I really like this book, and it serves as a really good introduction to the series (which lasts another five books).  I think it was my first Olivia Drake book and I've been relatively happy with her all along.

There's a bit of a fairy tale element with this series and with this book specifically. Annabelle is an illegitimate orphan left to rot in a boarding school where she now teaches.  She's given a position as a governess to an orphaned duke by a slightly mysterious benefactor, Lady Milford, who also gives her a pair of elegant shoes. It's the shoes and Lady Milford that ties all six books together rather than the characters. She's sent to Cornwall where the duke, Nicholas, is living with his guardian, his uncle Simon. It's very much a Cinderella story.

I really like Annabelle and Simon for the first 80% of the book. Simon is a bit of a bitter soul--Nicholas's mother was a woman Simon had courted but married George, the duke. He didn't speak to his brother again before George and his wife died. He went into the army, had plans for his life--but now he's guardian to a little boy that he resents.

And Simon is unlikeable for the first third of the book. He really resents his nephew. I applaud Olivia Drake for actually writing a guardian who doesn't like his ward rather than paying lip service.  It gives Annabelle something to do when she shows up.

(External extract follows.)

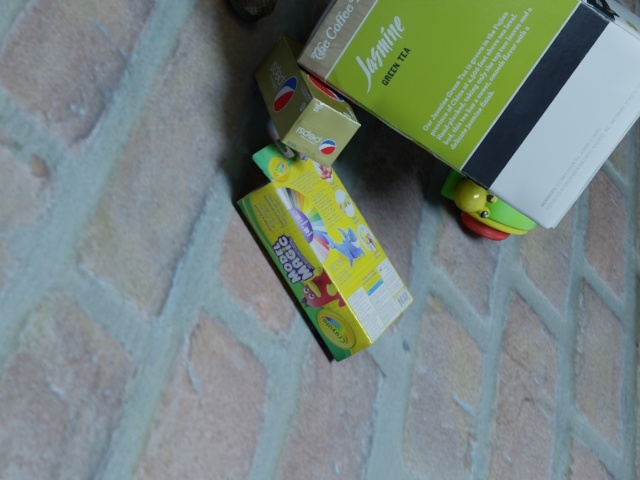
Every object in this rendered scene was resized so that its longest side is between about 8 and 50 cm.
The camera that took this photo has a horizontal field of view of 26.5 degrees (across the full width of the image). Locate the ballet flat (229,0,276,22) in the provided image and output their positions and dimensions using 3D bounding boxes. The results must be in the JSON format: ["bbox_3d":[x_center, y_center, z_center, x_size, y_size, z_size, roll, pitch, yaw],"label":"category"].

My main problem is that Simon's POV disappears in the last part of the book, leading up to the climax. He does an about face that we don't get to see, only experience when Annabelle does. I expect my main leads to do equal heavy lifting in my romance novels, and Simon's epiphany happens off screen. There are a couple of things that happen this way towards the end. The background plot with attempted killing and whatnot -- it happens in a bit of a hurry, and I think that's why it feels rushed at the end.

It's an overall satisfying read, but if Simon had just showed up at the end of the book, it could have been one of my top favorites.